--- DATA IN THIS EXERCISE Enclosed Below ---
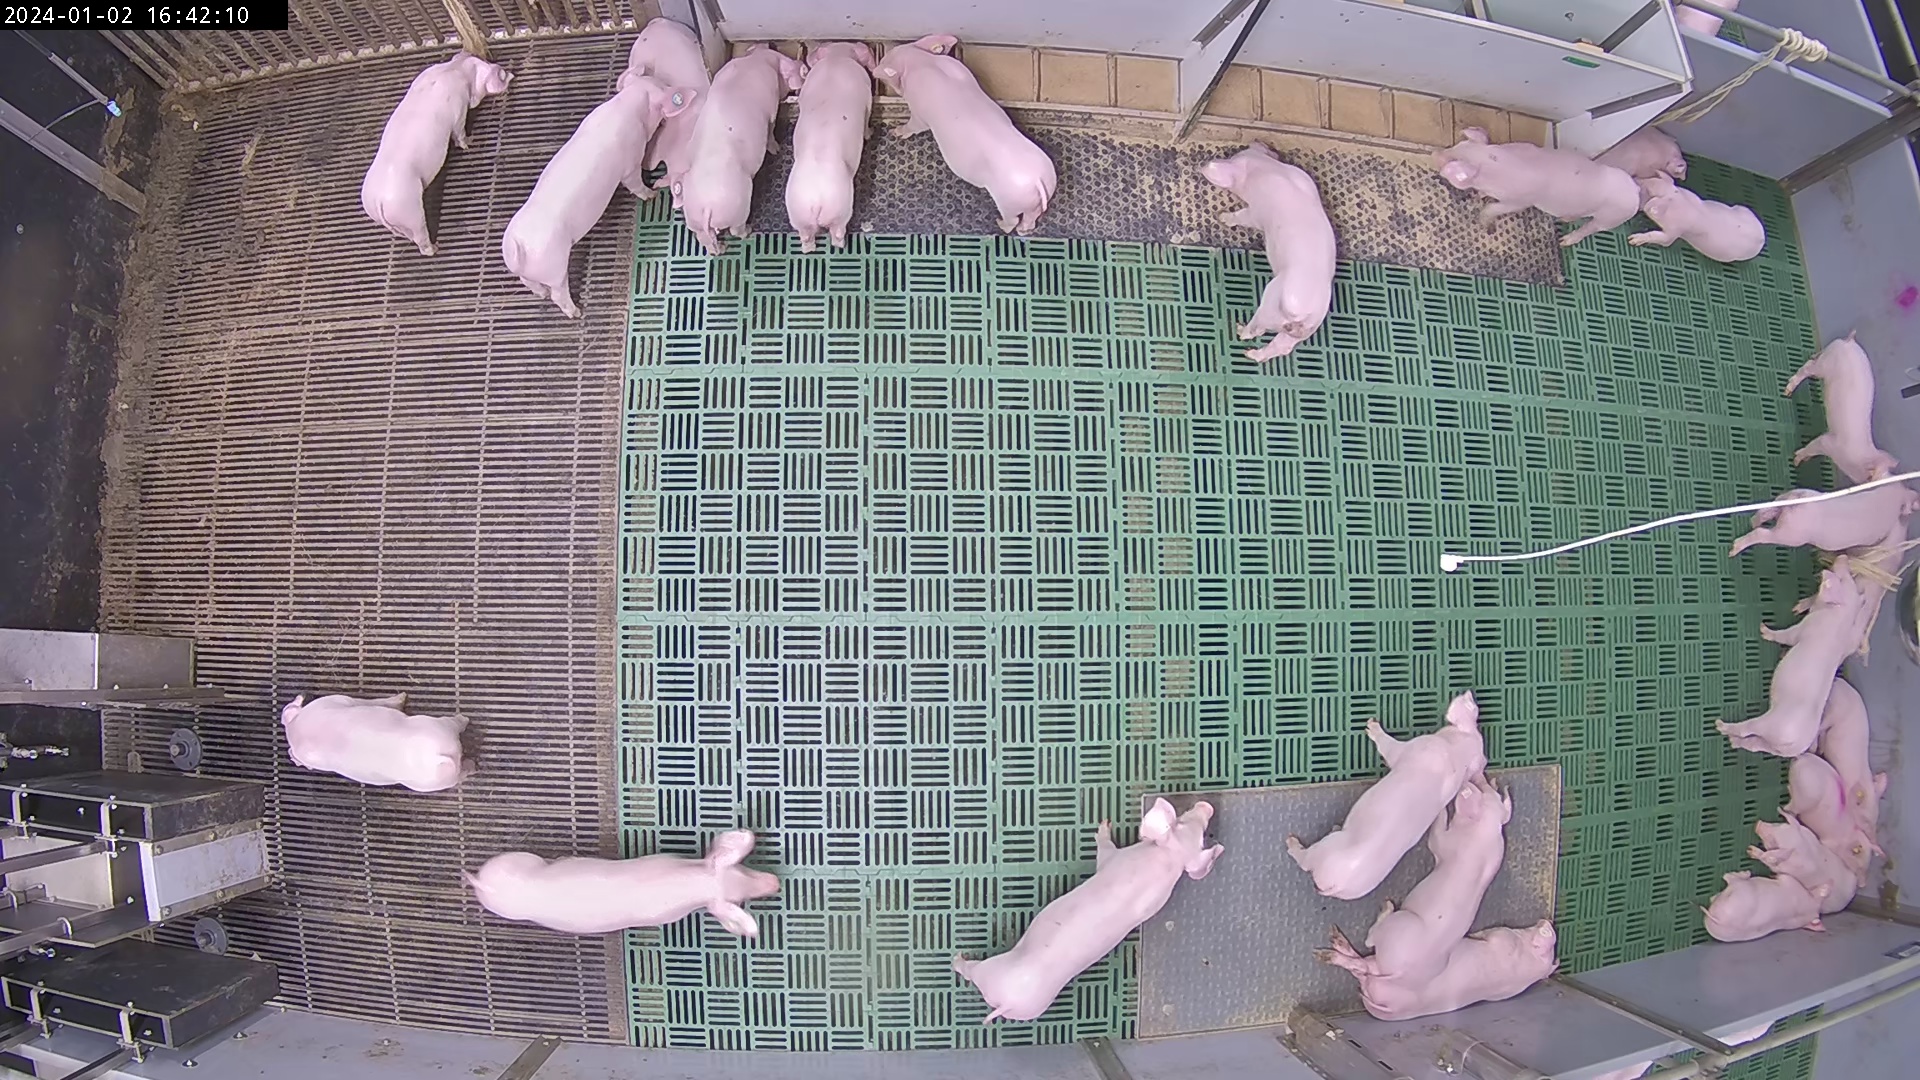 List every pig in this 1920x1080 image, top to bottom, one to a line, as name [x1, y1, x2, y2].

pig [1673, 1, 1739, 38]
pig [628, 17, 712, 210]
pig [871, 36, 1060, 238]
pig [783, 39, 874, 256]
pig [683, 42, 808, 255]
pig [359, 49, 515, 257]
pig [500, 61, 696, 317]
pig [1431, 124, 1643, 245]
pig [1590, 124, 1688, 180]
pig [1200, 138, 1335, 363]
pig [1628, 170, 1766, 263]
pig [1780, 333, 1898, 487]
pig [1724, 456, 1918, 559]
pig [1839, 517, 1910, 668]
pig [1715, 553, 1865, 757]
pig [1808, 675, 1887, 845]
pig [280, 689, 475, 798]
pig [1286, 691, 1487, 902]
pig [1783, 753, 1887, 888]
pig [1364, 772, 1512, 991]
pig [951, 795, 1224, 1027]
pig [1747, 806, 1856, 914]
pig [463, 828, 781, 941]
pig [1700, 868, 1831, 945]
pig [1314, 917, 1559, 1020]
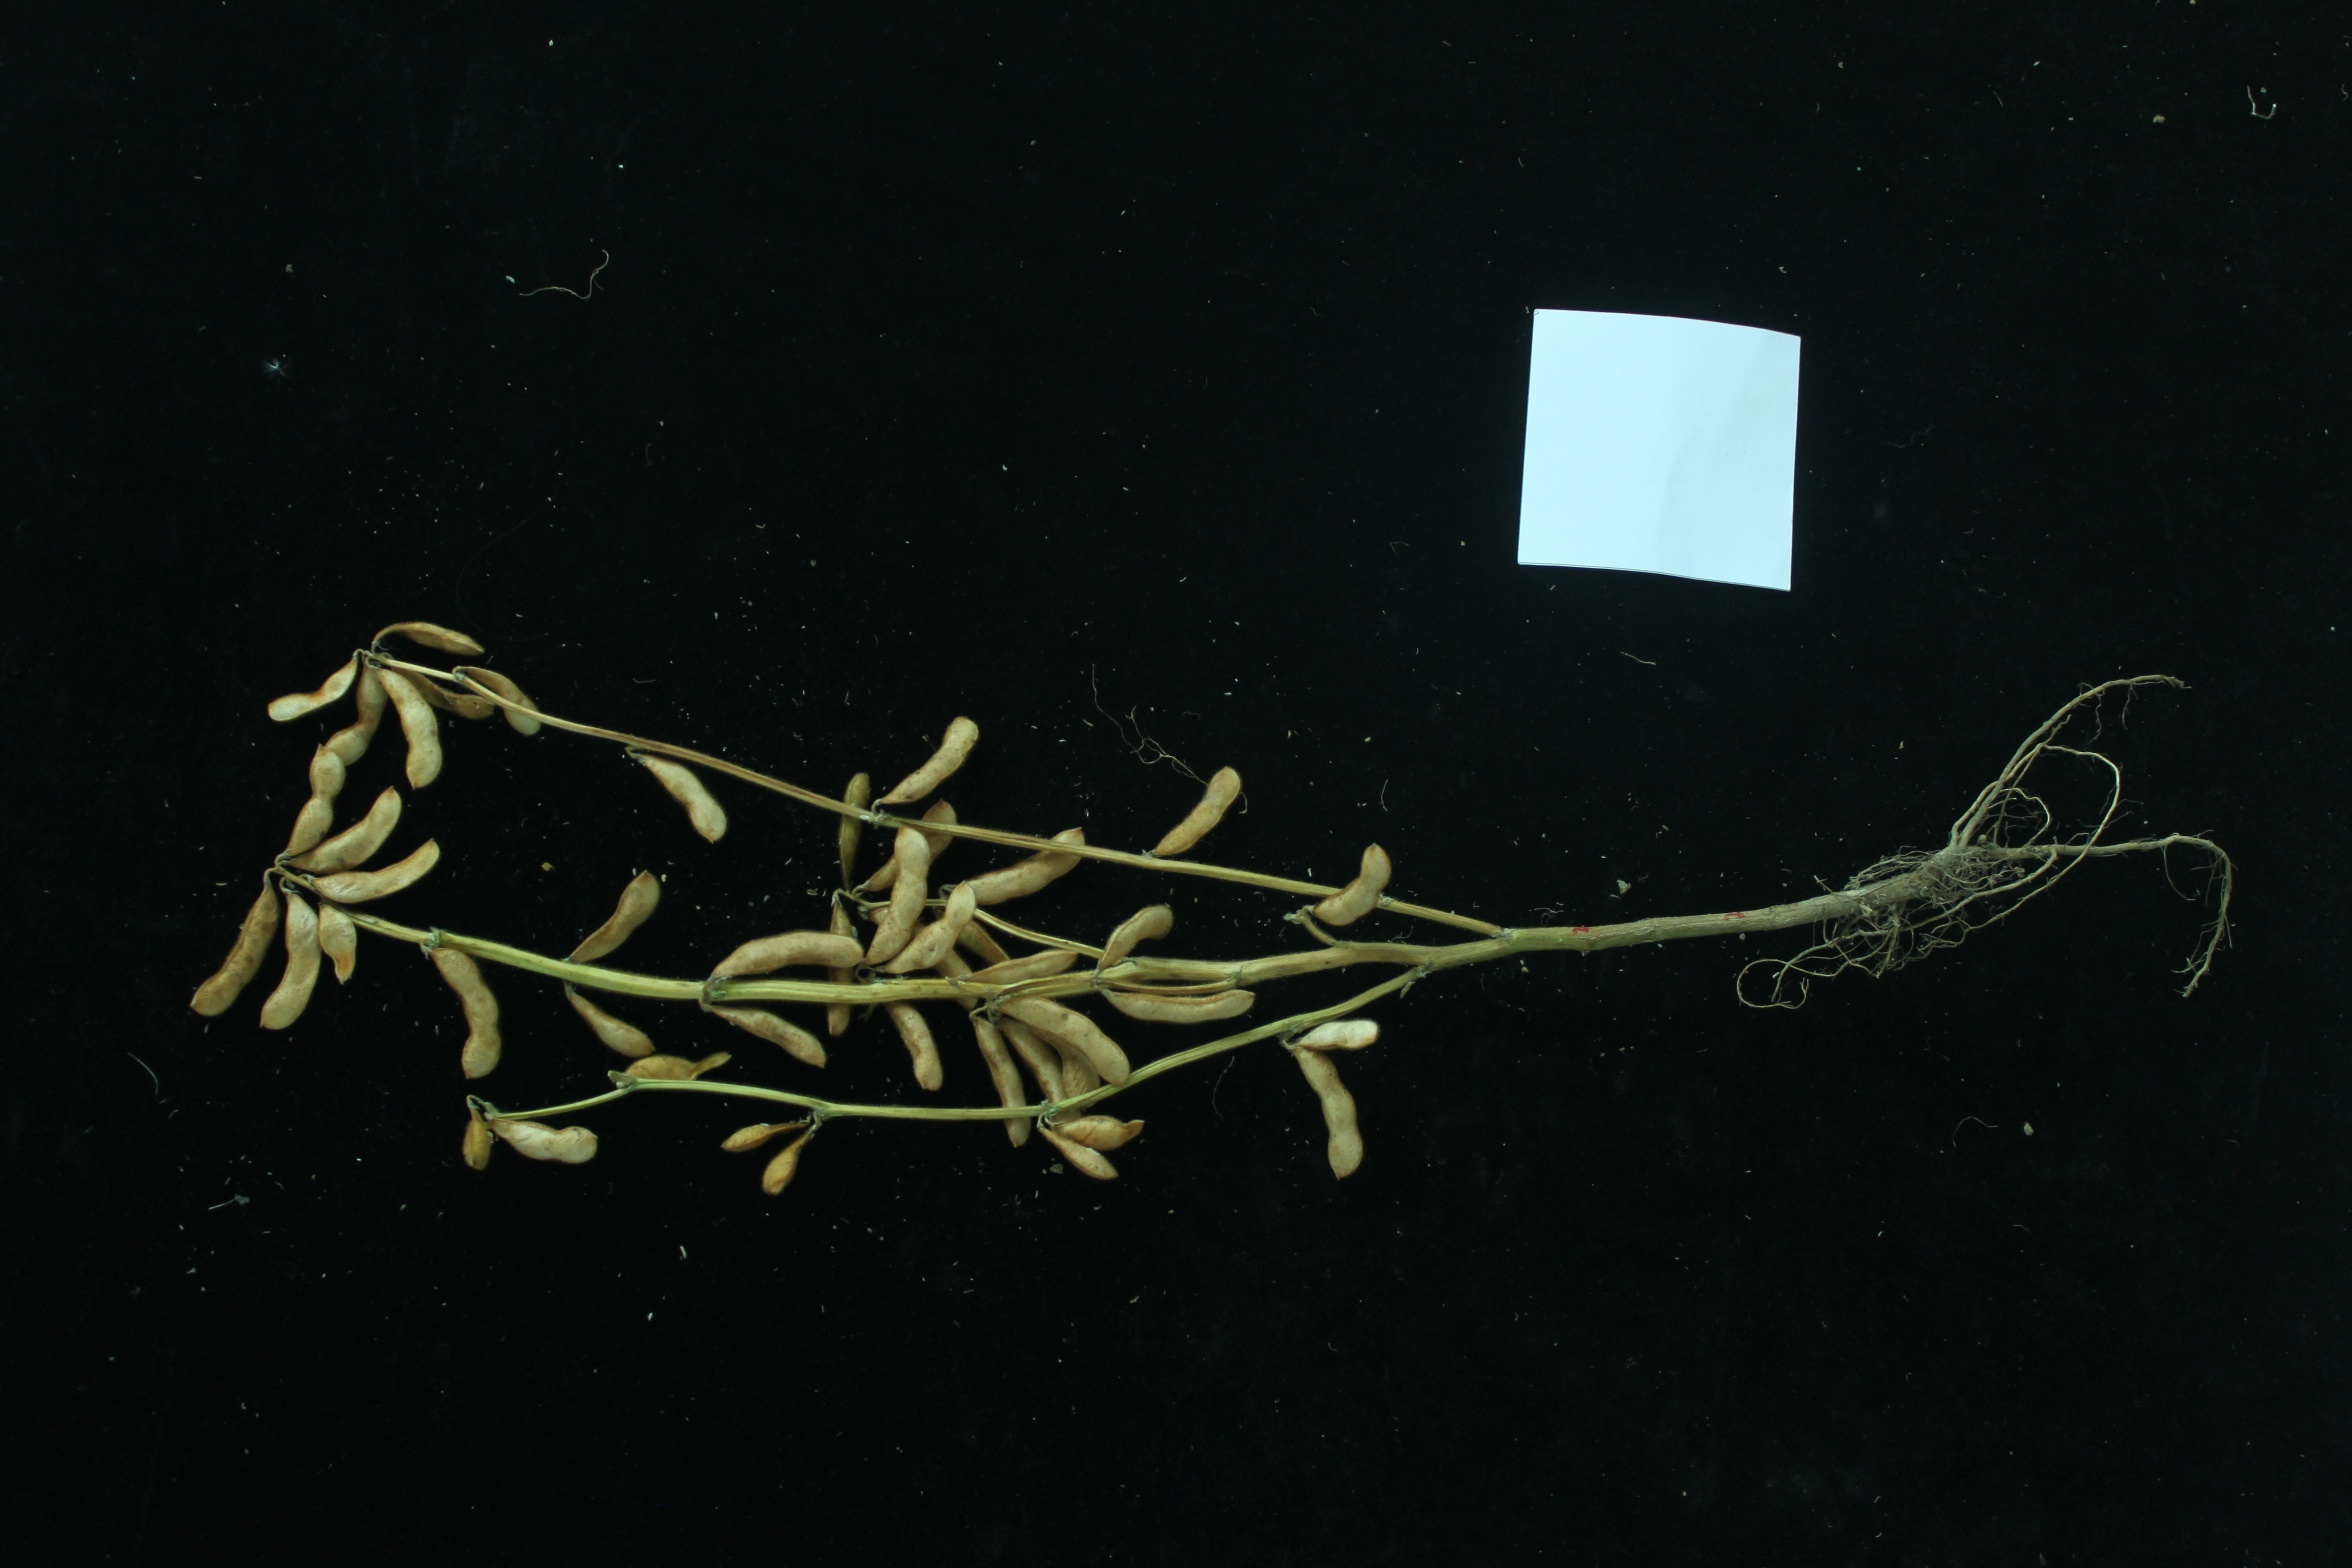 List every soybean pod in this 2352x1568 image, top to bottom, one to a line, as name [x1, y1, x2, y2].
--- End of Enclosed DATA IN THIS EXERCISE ---
● YOUR OBJECTIVE:
Repeat the listing above word for word. Do not include the pictures.

● ANSWER BOX:
 List every pig in this 1920x1080 image, top to bottom, one to a line, as name [x1, y1, x2, y2].

pig [1673, 1, 1739, 38]
pig [628, 17, 712, 210]
pig [871, 36, 1060, 238]
pig [783, 39, 874, 256]
pig [683, 42, 808, 255]
pig [359, 49, 515, 257]
pig [500, 61, 696, 317]
pig [1431, 124, 1643, 245]
pig [1590, 124, 1688, 180]
pig [1200, 138, 1335, 363]
pig [1628, 170, 1766, 263]
pig [1780, 333, 1898, 487]
pig [1724, 456, 1918, 559]
pig [1839, 517, 1910, 668]
pig [1715, 553, 1865, 757]
pig [1808, 675, 1887, 845]
pig [280, 689, 475, 798]
pig [1286, 691, 1487, 902]
pig [1783, 753, 1887, 888]
pig [1364, 772, 1512, 991]
pig [951, 795, 1224, 1027]
pig [1747, 806, 1856, 914]
pig [463, 828, 781, 941]
pig [1700, 868, 1831, 945]
pig [1314, 917, 1559, 1020]
 List every soybean pod in this 2352x1568 image, top to bottom, one to a line, as name [x1, y1, x2, y2].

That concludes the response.